A research team led by Zhijie Chen and Bing-Jie Ni presents a comprehensive review that positions high-entropy amorphous catalysts (HEACs) as a promising, versatile platform for next-generation water electrolysis. The paper synthesizes structural principles, synthetic routes, mechanistic understanding, performance benchmarks, and practical prospects for HER, OER and overall water splitting.

Why HEACs matter

Activity and durability synergy: Combining multielement (high-entropy) composition with amorphous structural disorder creates abundant, unsaturated active sites and flexible coordination environments that boost intrinsic activity while tolerating harsh operational conditions.

Broad operability: HEACs show strong performance across pH regimes and in challenging media such as seawater and industrial wastewater thanks to adaptive surface reconstruction.

Design space: The multicomponent “cocktail” enables tunable electronic structure and adsorption energetics not achievable in unary/binary catalysts.

Key structural and mechanistic insights

Abundant defects & flexible coordination: Short-range order, high defect densities, and varied local coordinations expose more active centers and facilitate alternative reaction pathways.
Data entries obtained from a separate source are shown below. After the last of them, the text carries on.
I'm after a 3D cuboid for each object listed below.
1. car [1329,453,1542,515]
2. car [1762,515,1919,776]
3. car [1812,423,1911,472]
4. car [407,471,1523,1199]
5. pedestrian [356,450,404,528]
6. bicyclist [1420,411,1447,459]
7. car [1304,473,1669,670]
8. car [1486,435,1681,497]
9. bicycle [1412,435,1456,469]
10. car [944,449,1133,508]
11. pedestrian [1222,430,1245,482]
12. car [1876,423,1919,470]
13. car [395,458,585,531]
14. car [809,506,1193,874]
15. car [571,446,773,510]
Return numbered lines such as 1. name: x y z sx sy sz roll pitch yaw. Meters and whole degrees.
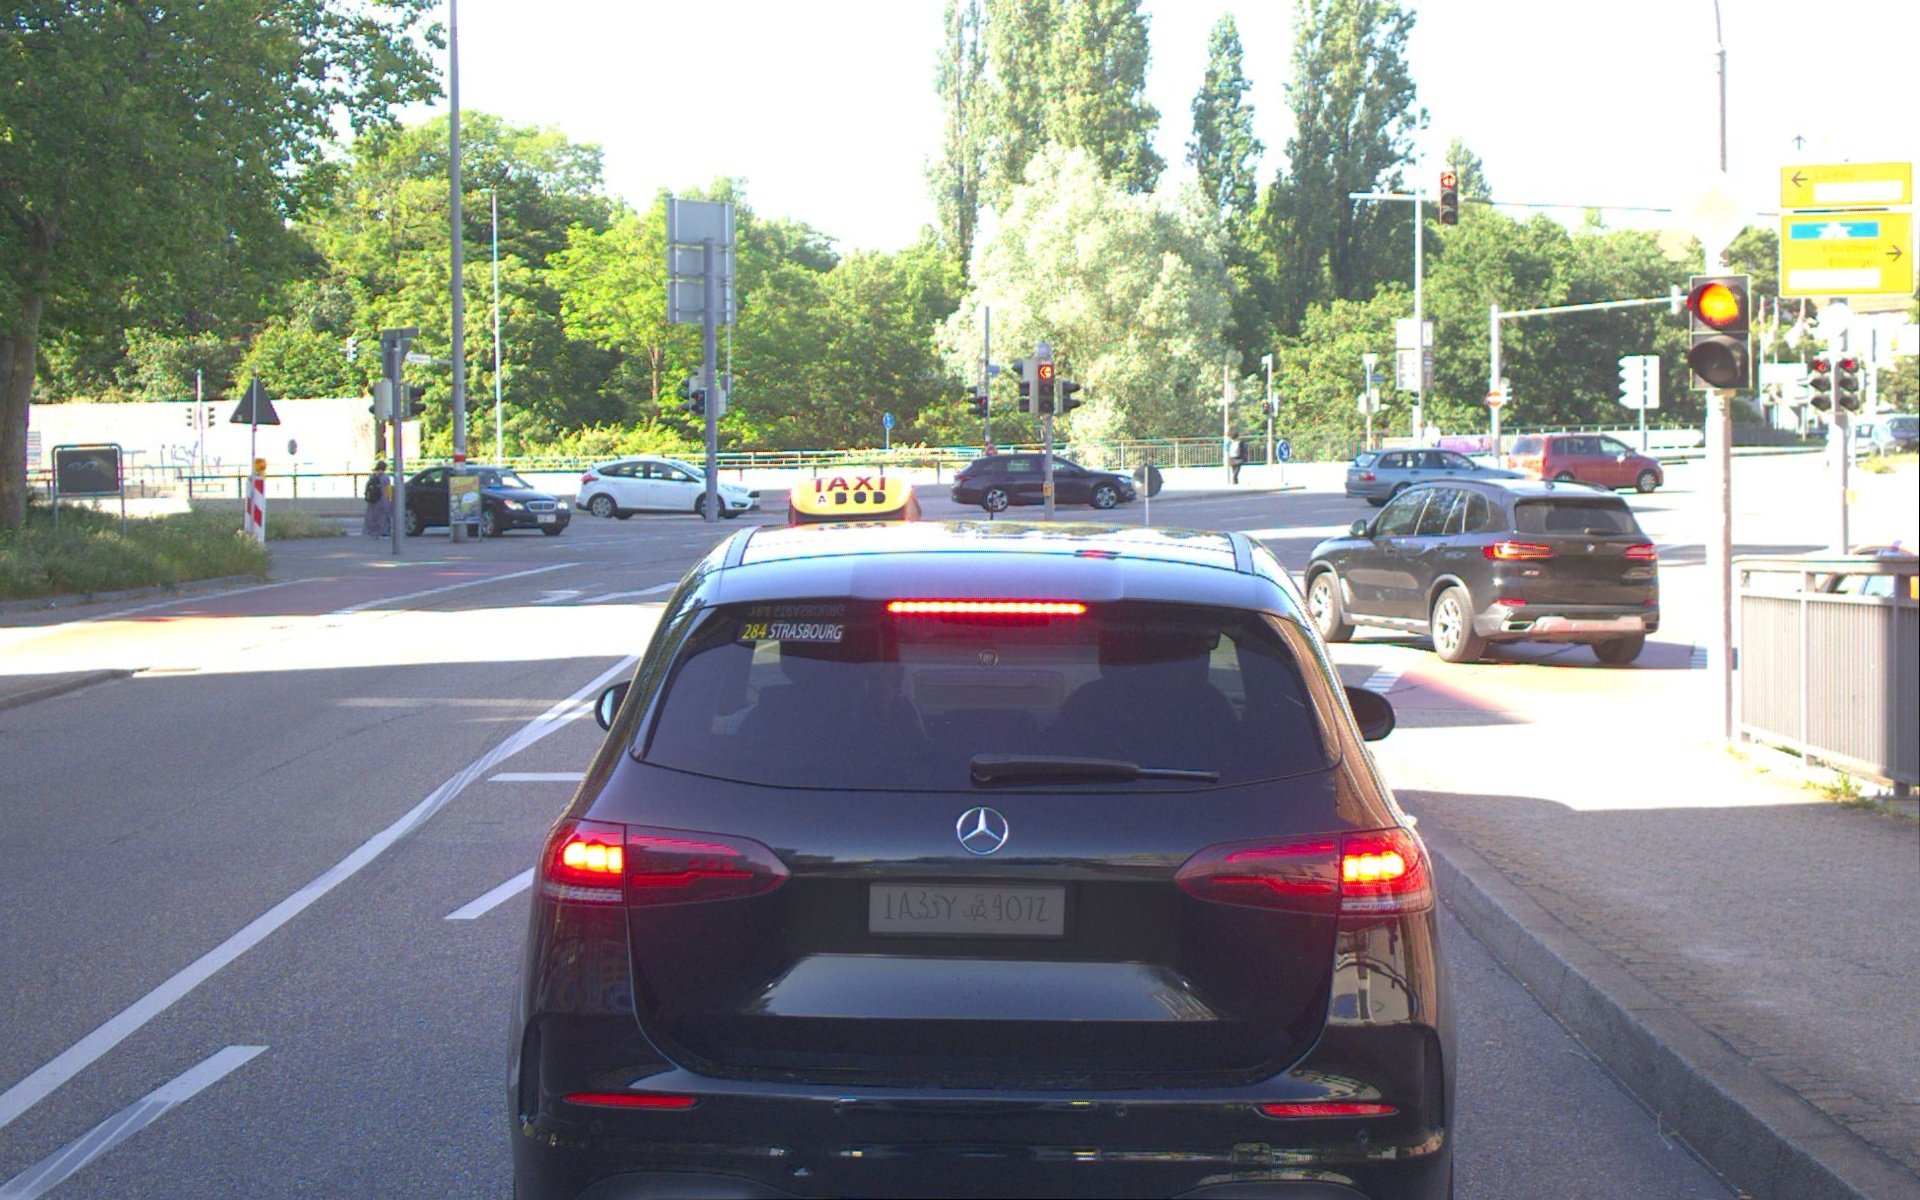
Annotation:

Multimetallic synergy: Charge redistribution and orbital hybridization among constituent metals tune d-band positions and intermediate binding, optimizing HER/OER steps.
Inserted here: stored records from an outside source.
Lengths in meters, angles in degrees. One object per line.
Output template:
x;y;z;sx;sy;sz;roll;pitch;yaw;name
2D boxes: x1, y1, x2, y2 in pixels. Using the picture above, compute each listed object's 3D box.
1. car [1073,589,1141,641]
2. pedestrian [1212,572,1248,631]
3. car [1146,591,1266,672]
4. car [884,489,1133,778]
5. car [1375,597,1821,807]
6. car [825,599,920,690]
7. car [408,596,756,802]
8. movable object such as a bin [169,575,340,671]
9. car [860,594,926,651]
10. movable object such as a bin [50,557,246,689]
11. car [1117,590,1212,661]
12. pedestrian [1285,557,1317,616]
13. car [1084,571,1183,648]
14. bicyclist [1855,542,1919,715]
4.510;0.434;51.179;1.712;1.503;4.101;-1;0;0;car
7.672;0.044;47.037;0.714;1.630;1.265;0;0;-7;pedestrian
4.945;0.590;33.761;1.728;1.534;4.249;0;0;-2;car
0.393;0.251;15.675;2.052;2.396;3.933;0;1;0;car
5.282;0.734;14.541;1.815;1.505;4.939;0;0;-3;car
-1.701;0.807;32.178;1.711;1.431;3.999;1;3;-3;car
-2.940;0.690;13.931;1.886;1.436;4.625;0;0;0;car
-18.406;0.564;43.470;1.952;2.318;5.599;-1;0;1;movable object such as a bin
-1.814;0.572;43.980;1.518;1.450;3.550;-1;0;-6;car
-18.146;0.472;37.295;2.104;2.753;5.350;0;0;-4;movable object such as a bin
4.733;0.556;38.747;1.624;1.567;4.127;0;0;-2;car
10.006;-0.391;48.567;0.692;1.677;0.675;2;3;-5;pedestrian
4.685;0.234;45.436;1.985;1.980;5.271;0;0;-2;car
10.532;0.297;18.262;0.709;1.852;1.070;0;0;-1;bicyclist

In-situ reconstruction: Under electrochemical bias many HEACs transform to amorphous–crystalline core–shell or oxy(hydr)oxide surface phases that act as the true active layers while retaining an amorphous core for stability.
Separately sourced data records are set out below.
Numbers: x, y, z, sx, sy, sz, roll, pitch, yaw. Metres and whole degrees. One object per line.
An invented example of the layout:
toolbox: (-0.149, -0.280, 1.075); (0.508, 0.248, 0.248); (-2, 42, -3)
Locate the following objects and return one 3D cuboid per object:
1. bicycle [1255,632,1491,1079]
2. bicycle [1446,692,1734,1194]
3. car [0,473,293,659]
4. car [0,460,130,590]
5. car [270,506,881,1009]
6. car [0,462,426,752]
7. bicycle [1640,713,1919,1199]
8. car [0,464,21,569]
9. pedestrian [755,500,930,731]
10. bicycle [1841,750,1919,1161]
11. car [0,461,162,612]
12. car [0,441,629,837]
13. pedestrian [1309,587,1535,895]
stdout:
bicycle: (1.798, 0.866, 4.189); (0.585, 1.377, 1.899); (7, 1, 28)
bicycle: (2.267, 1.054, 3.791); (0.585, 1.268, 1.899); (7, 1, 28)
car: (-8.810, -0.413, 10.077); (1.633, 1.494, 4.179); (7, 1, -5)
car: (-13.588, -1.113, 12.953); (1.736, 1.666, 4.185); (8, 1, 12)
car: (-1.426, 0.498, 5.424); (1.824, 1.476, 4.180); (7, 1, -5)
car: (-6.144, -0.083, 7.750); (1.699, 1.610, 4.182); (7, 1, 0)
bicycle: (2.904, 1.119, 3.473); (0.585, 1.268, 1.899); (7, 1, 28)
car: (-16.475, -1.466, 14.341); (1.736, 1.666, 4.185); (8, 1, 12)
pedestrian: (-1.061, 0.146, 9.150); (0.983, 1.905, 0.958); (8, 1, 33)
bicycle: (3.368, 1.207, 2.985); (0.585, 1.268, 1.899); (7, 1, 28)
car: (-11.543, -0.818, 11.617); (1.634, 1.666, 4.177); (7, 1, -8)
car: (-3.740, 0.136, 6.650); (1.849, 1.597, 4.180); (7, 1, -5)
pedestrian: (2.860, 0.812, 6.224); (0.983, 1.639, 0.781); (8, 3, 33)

Innovative synthetic strategies & architectures

Diverse, scalable methods: Electrodeposition, hydro/solvothermal synthesis, melt-spinning + dealloying, ball milling and solution chemical reduction are reviewed with their roles in controlling amorphization, composition homogeneity and morphology.

Nanocomposites & heterostructures: Integrating HEACs with conductive supports (carbon, MXene) or constructing crystalline–amorphous interfaces enhances conductivity, mass transfer and operational robustness.

Applications, benchmarks and outlook

Performance highlights: Representative HEACs achieve low overpotentials and favorable Tafel slopes for both HER and OER, with several examples demonstrating ampere-level stability in alkaline and saline media.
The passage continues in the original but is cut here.